Stakeholder Objectives (Cambridge (CIE) IGCSE Business): Revision Note
Exam code: 0450 & 0986
Introduction to business stakeholders
Business stakeholders are individuals or groups that affect or are affected by the actions of a business
Internal stakeholders include anyone within the organisation, such as employees, owners, shareholders, and managers
External stakeholders are people and organisations that are outside of the business and include suppliers, governments, customers, trade unions, and creditors
Stakeholder objectives
Stakeholders can have different objectives based on their different roles and perspectives
A business needs to take into account the needs and interests of its stakeholders to operate successfully and ensure long term success
Typical stakeholder objectives
Owners (shareholders)
Shareholders are individuals or entities who own a portion of a company's stock
They invest in the company to make a profit
Shareholders' primary objective is to maximise their returns on investment
They want the company to be profitable and generate a high return on their investment
E.g.

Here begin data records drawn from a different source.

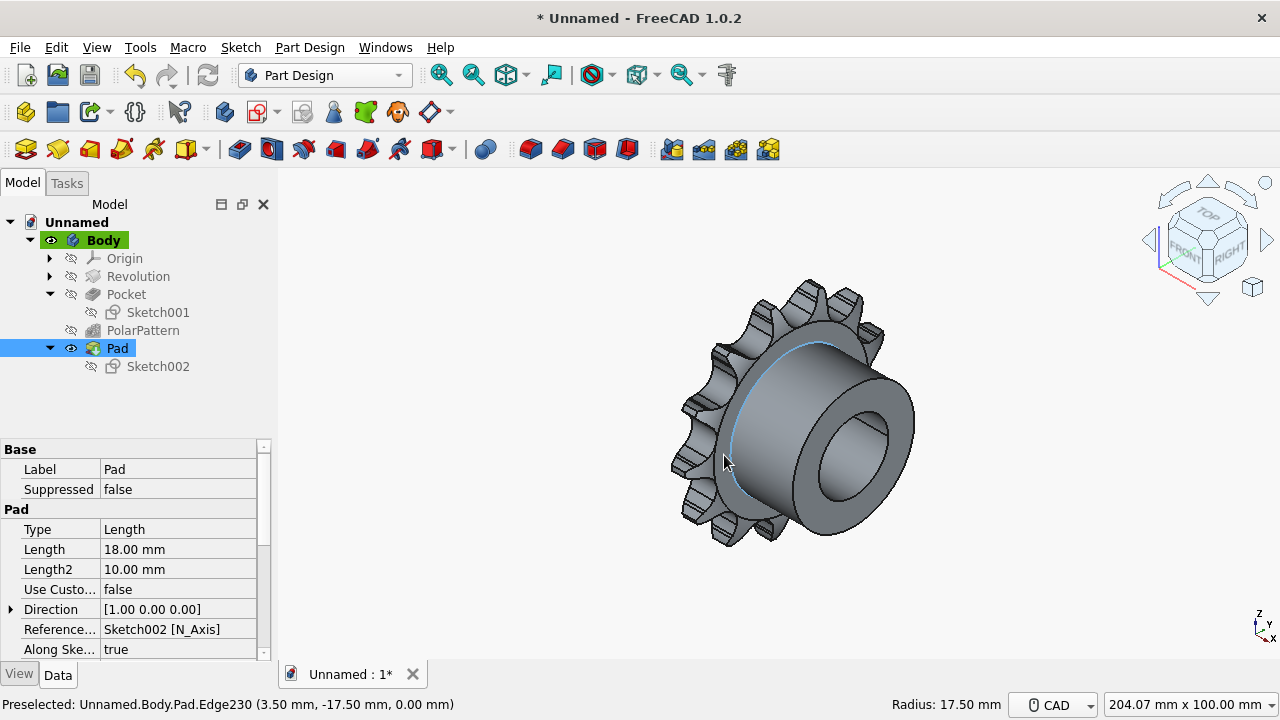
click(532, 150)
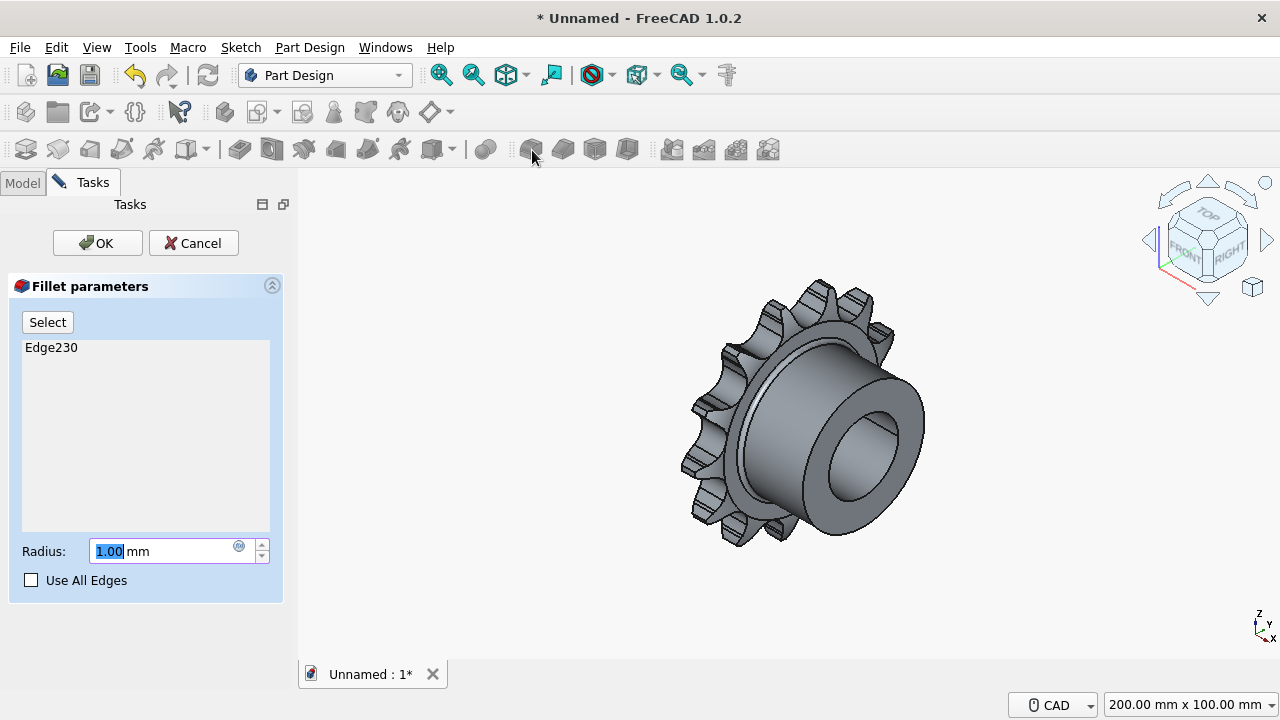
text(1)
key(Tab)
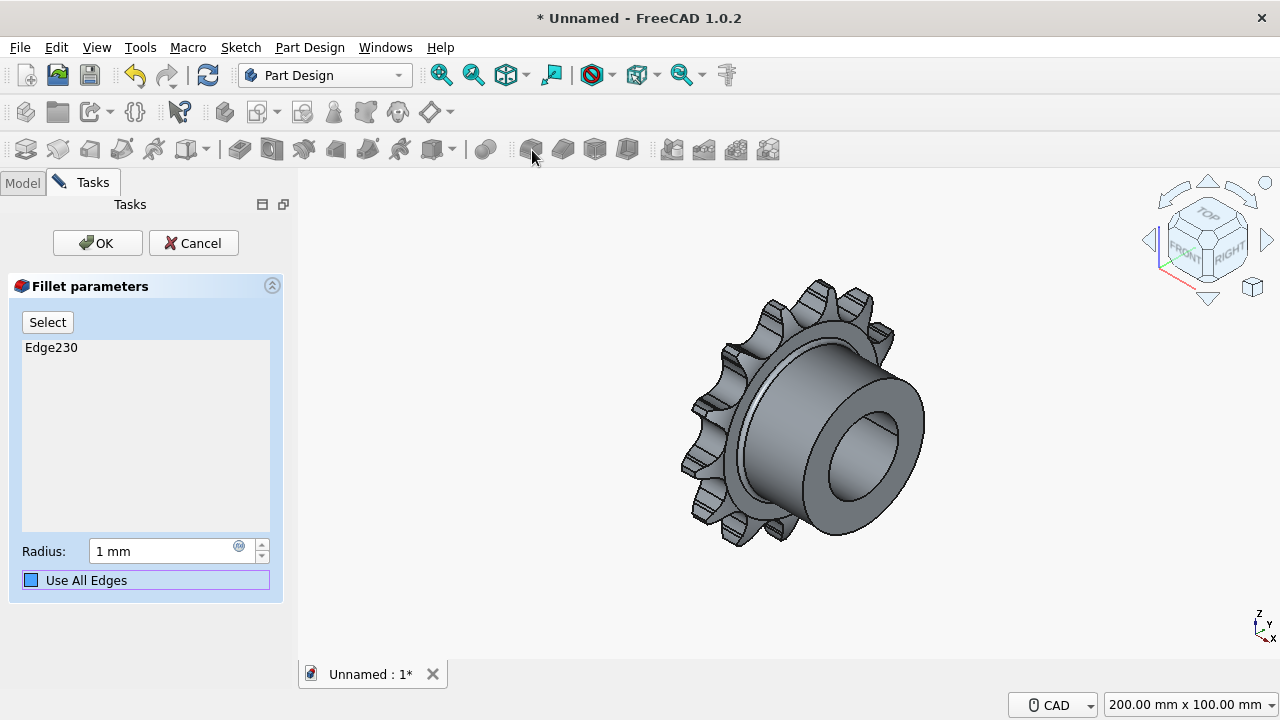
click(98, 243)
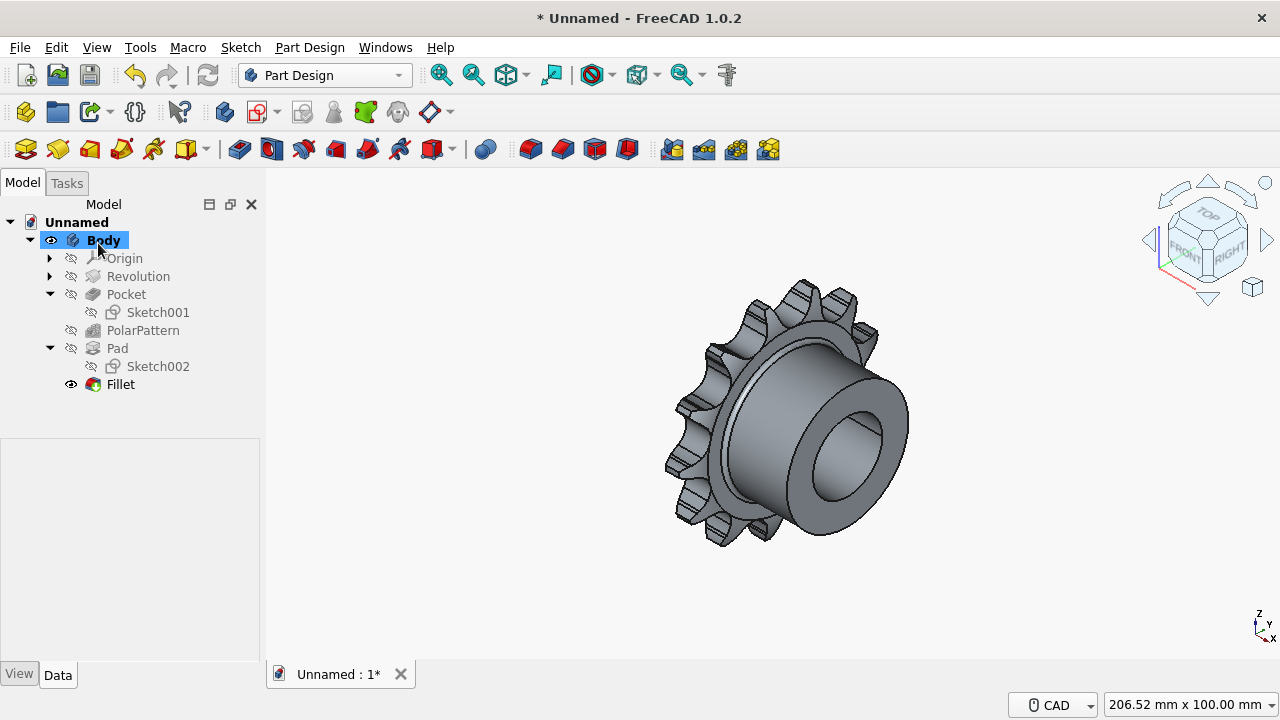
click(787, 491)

A shareholder of Apple may want the company to release new products and increase sales to increase the value of their shares
Employees
Employees are individuals who work for a company
Their primary objective is to earn a living, have job security and be compensated fairly for their work and have a safe working environment
E.g. Google employees in California have some of the best working conditions in the world, with the Company offering sleeping pods, games rooms and free speciality coffee all-day
Management
Managers are individuals who are responsible for the day-to-day operations of a company
Their primary objective is to meet the company's goals and objectives
They want to maximise profits and minimise costs while ensuring that the company operates efficiently
E.g. A manager of McDonald's may want the restaurant to increase sales and reduce costs by improving efficiency
Suppliers
Suppliers are individuals or businesses who provide goods or services to a business
Their primary objective is to sell their products or services and make a profit
Suppliers want to be paid on time and have a long-term relationship with the company
E.g. Busco Sugar Milling Co., Inc supplies Coca-Cola with 84% of its sugar requirements. They want the company to continue buying their sugar and to pay their bills on time
Customers
Customers are individuals or businesses who purchase goods/services from a business
Their primary objective is to receive high-quality products or services at a fair price
Customers also want good customer service and a positive experience with the company
Pressure groups
Pressure groups are organisations that seek to influence the policies and actions of businesses or governments
Their primary objective is to promote a specific cause or agenda
Pressure groups want the company to support their cause or take action on an issue
E.g. An animal rights group may want a clothing company to stop using animal products in their clothing
The local community
The local community includes individuals and organisations that live or operate in the area where a business operates
Their primary objective is for the business to have a positive impact on the community
This may include the business being environmentally responsible, providing jobs, and contributing to local causes
E.g. Burnley Savings & Loans Ltd (Bank of Dave) donates all of their profits to local charities and good causes
The government
The government is responsible for creating and enforcing laws and regulations that affect businesses
Their primary objective is to promote the public good and protect the interests of citizens
The government wants companies to operate within the law and contribute to the economy
How stakeholders are affected by business activity
Business activity can have various impacts on stakeholders
If a business experiences financial difficulties, shareholders may lose value in their investments, and employees may face job losses or pay cuts
If a business is profitable, shareholders may benefit from increased dividends, and employees may receive bonuses or promotions
Customers can be affected by business activity in terms of product availability, quality, and pricing
The local community can be impacted by the environmental and social impact of business operations, such as pollution or job creation
The government can be affected by business activity in terms of tax revenue and regulatory compliance (following the laws)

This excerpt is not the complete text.